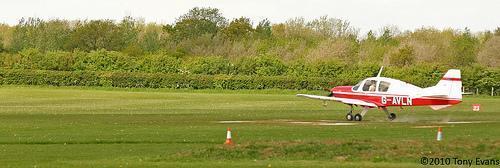How many planes are in the photo?
Give a very brief answer. 1. 
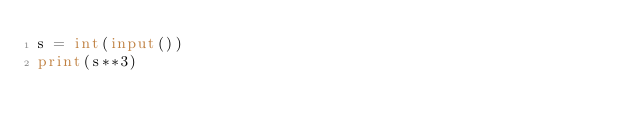Convert code to text. <code><loc_0><loc_0><loc_500><loc_500><_Python_>s = int(input())
print(s**3)
</code> 
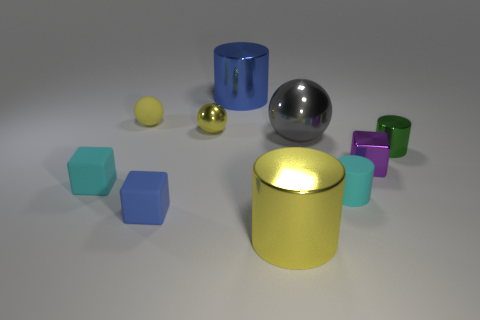Subtract all blocks. How many objects are left? 7 Add 5 rubber objects. How many rubber objects exist? 9 Subtract 0 purple cylinders. How many objects are left? 10 Subtract all brown balls. Subtract all purple shiny blocks. How many objects are left? 9 Add 3 cyan rubber blocks. How many cyan rubber blocks are left? 4 
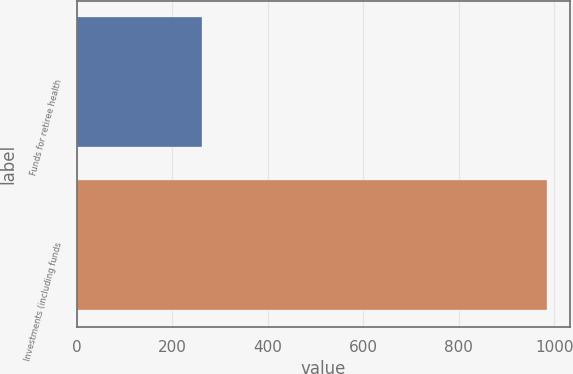Convert chart to OTSL. <chart><loc_0><loc_0><loc_500><loc_500><bar_chart><fcel>Funds for retiree health<fcel>Investments (including funds<nl><fcel>262<fcel>984<nl></chart> 
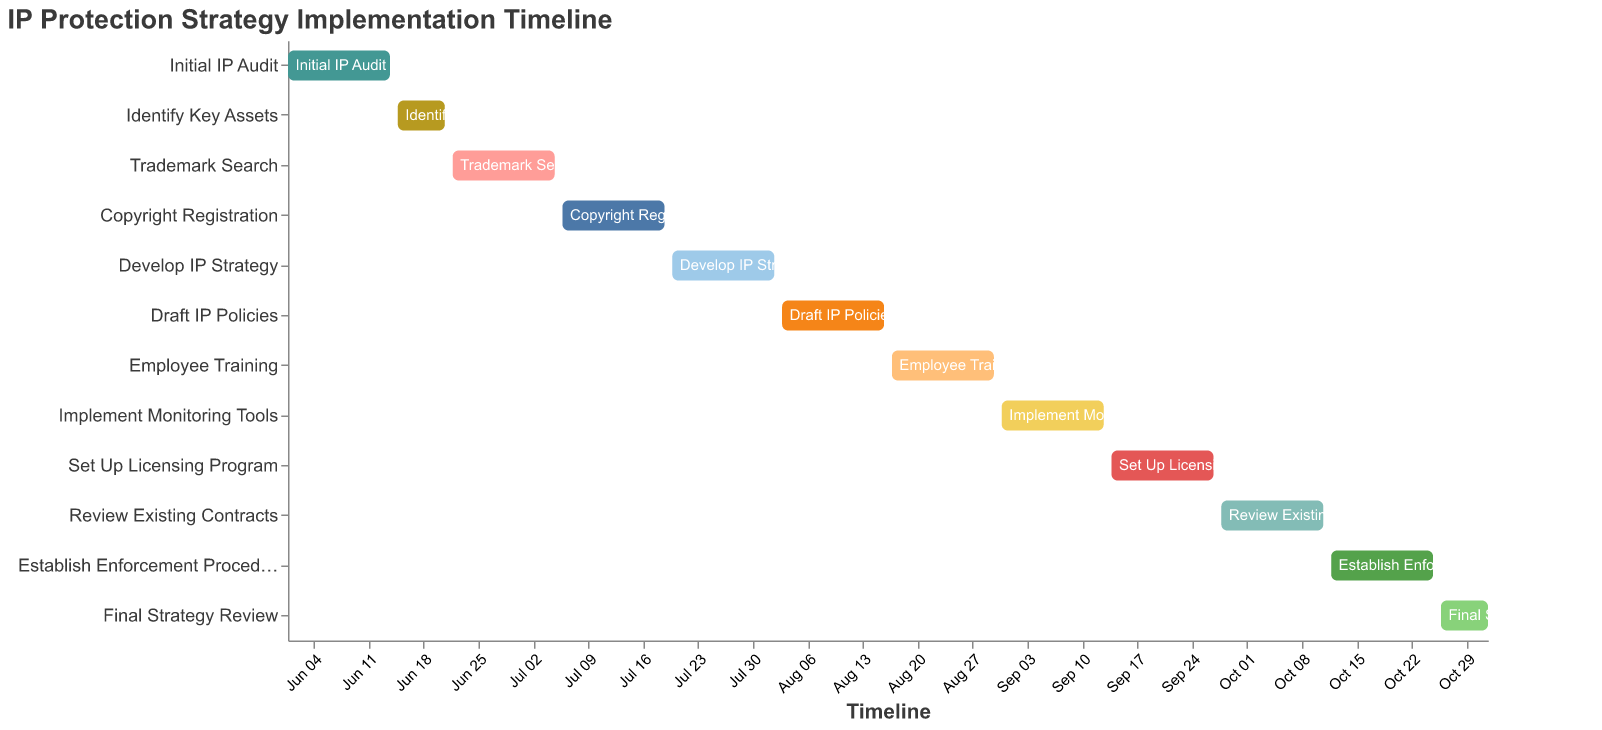What is the title of the Gantt Chart? The title usually appears at the top of a chart and summarizes the chart's main subject. Here, the title text is "IP Protection Strategy Implementation Timeline," which summarizes the project management focus for implementing an intellectual property protection strategy.
Answer: IP Protection Strategy Implementation Timeline Which task starts immediately after "Initial IP Audit"? The "Initial IP Audit" starts on June 1 and ends on June 14. The next task that starts immediately on June 15 is "Identify Key Assets," as indicated by the start date in the Gantt chart.
Answer: Identify Key Assets What is the duration of the "Employee Training" task? "Employee Training" starts on August 17 and ends on August 30. The duration is labeled as 14 days in the chart.
Answer: 14 days How many tasks have a duration of 7 days? By inspecting the duration column and corresponding bars in the Gantt Chart, the tasks with a 7-day duration are "Identify Key Assets" and "Final Strategy Review."
Answer: 2 tasks When does the "Final Strategy Review" task end? The "Final Strategy Review" task starts on October 26 and ends on November 1, as indicated in the chart.
Answer: November 1 Which task has the longest duration, and what is its duration? By examining the duration for each task, the majority of tasks have a duration of 14 days. No tasks exceed this duration. Therefore, there is a tie for the longest duration of 14 days, but the task itself is typical, like "Initial IP Audit."
Answer: Initial IP Audit (14 days) Which tasks are scheduled to be completed by the end of August? Reviewing the end dates, the tasks completed by the end of August are "Initial IP Audit", "Identify Key Assets", "Trademark Search", "Copyright Registration", "Develop IP Strategy", "Draft IP Policies," and "Employee Training."
Answer: Employee Training What is the total duration for "Implement Monitoring Tools" and "Set Up Licensing Program" combined? The duration for "Implement Monitoring Tools" is 14 days, and "Set Up Licensing Program" is also 14 days. Summing these durations gives 14 + 14 = 28 days.
Answer: 28 days Which task directly follows "Copyright Registration"? The "Copyright Registration" task ends on July 19. The task starting immediately after that, on July 20, is "Develop IP Strategy," as indicated in the Gantt Chart.
Answer: Develop IP Strategy 
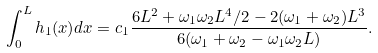<formula> <loc_0><loc_0><loc_500><loc_500>\int _ { 0 } ^ { L } h _ { 1 } ( x ) d x = c _ { 1 } \frac { 6 L ^ { 2 } + \omega _ { 1 } \omega _ { 2 } L ^ { 4 } / 2 - 2 ( \omega _ { 1 } + \omega _ { 2 } ) L ^ { 3 } } { 6 ( \omega _ { 1 } + \omega _ { 2 } - \omega _ { 1 } \omega _ { 2 } L ) } .</formula> 
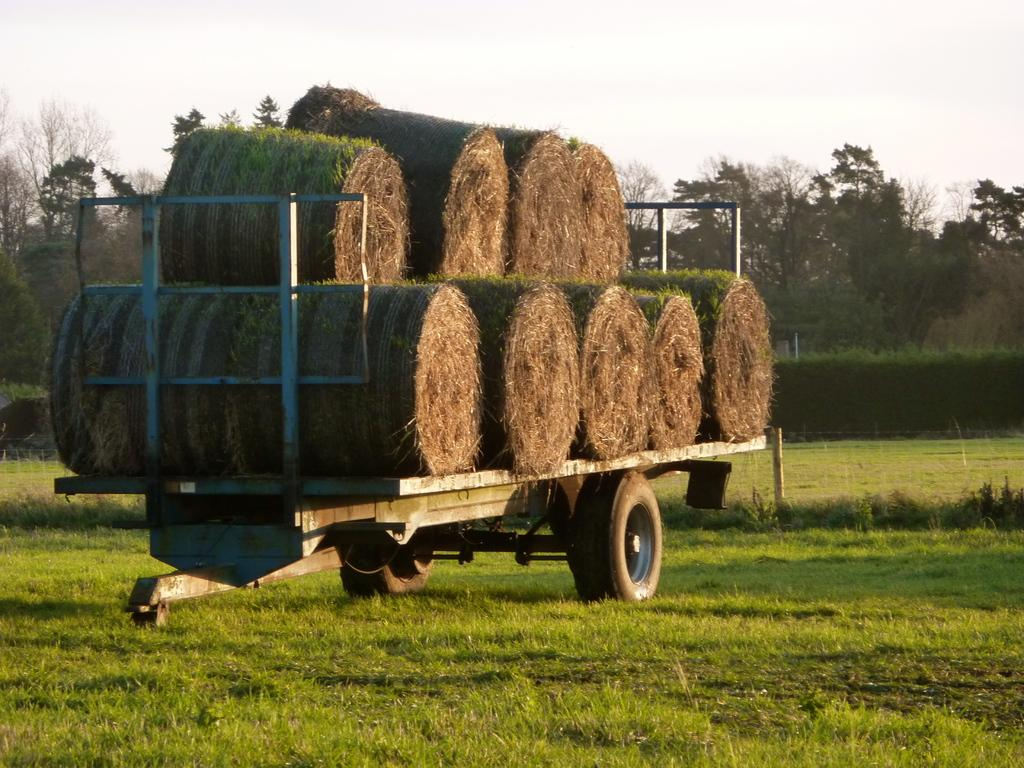What type of vehicle is in the image? The specific type of vehicle is not mentioned, but there is a vehicle present in the image. What is on top of the vehicle? Hay is present on the vehicle. What type of vegetation can be seen in the image? There is grass visible in the image. What other objects can be seen in the image? There is a tree and a pole in the image. What is visible in the background of the image? The sky is visible in the image. What type of kettle is hanging from the tree in the image? There is no kettle present in the image; it only features a vehicle, hay, grass, a tree, a pole, and the sky. Can you tell me how many quartz rocks are scattered around the vehicle in the image? There is no mention of quartz rocks in the image; it only features a vehicle, hay, grass, a tree, a pole, and the sky. 
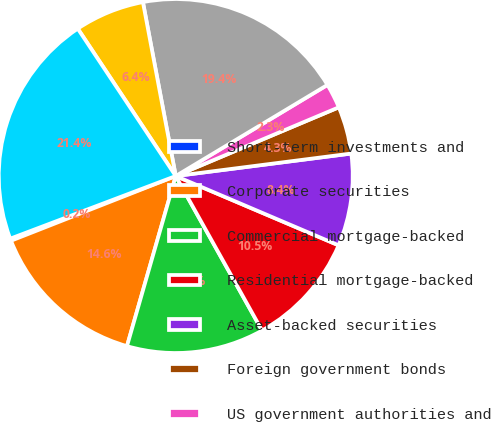Convert chart. <chart><loc_0><loc_0><loc_500><loc_500><pie_chart><fcel>Short-term investments and<fcel>Corporate securities<fcel>Commercial mortgage-backed<fcel>Residential mortgage-backed<fcel>Asset-backed securities<fcel>Foreign government bonds<fcel>US government authorities and<fcel>Total fixed maturities<fcel>Equity securities<fcel>Total trading account assets<nl><fcel>0.2%<fcel>14.6%<fcel>12.55%<fcel>10.49%<fcel>8.43%<fcel>4.32%<fcel>2.26%<fcel>19.36%<fcel>6.37%<fcel>21.42%<nl></chart> 
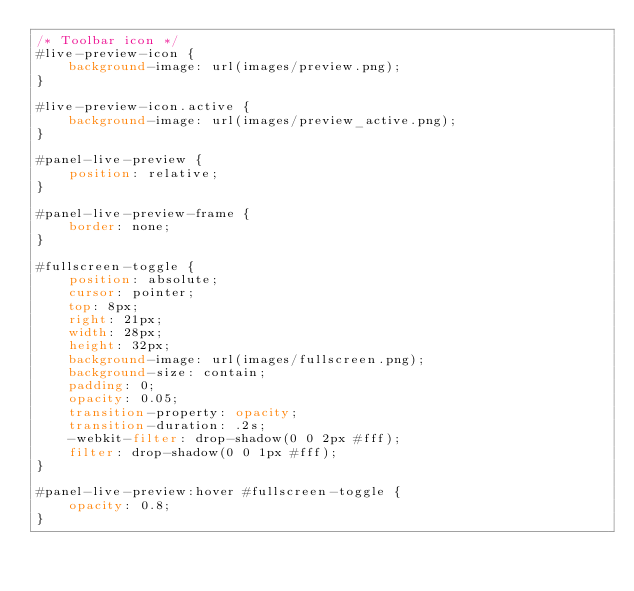Convert code to text. <code><loc_0><loc_0><loc_500><loc_500><_CSS_>/* Toolbar icon */
#live-preview-icon {
    background-image: url(images/preview.png);
}

#live-preview-icon.active {
    background-image: url(images/preview_active.png);
}

#panel-live-preview {
    position: relative;
}

#panel-live-preview-frame {
    border: none;
}

#fullscreen-toggle {
    position: absolute;
    cursor: pointer;
    top: 8px;
    right: 21px;
    width: 28px;
    height: 32px;
    background-image: url(images/fullscreen.png);
    background-size: contain;
    padding: 0;
    opacity: 0.05;
    transition-property: opacity;
    transition-duration: .2s;
    -webkit-filter: drop-shadow(0 0 2px #fff);
    filter: drop-shadow(0 0 1px #fff);
}

#panel-live-preview:hover #fullscreen-toggle {
    opacity: 0.8;
}</code>

Problem to solve: Pictures stay out. Print the data exactly, from its first line through the line containing "Convert chart to".

Answer to this task:
How many planes are in the photo?
Give a very brief answer. 1. 
Convert code to text. <code><loc_0><loc_0><loc_500><loc_500><_Python_>s = int(input())
print(s**3)
</code> 
Subtract all blocks. How many objects are left? 7 Add 5 rubber objects. How many rubber objects exist? 9 Subtract 0 purple cylinders. How many objects are left? 10 Subtract all brown balls. Subtract all purple shiny blocks. How many objects are left? 9 Add 3 cyan rubber blocks. How many cyan rubber blocks are left? 4 
Convert chart to OTSL. <chart><loc_0><loc_0><loc_500><loc_500><bar_chart><fcel>Funds for retiree health<fcel>Investments (including funds<nl><fcel>262<fcel>984<nl></chart> 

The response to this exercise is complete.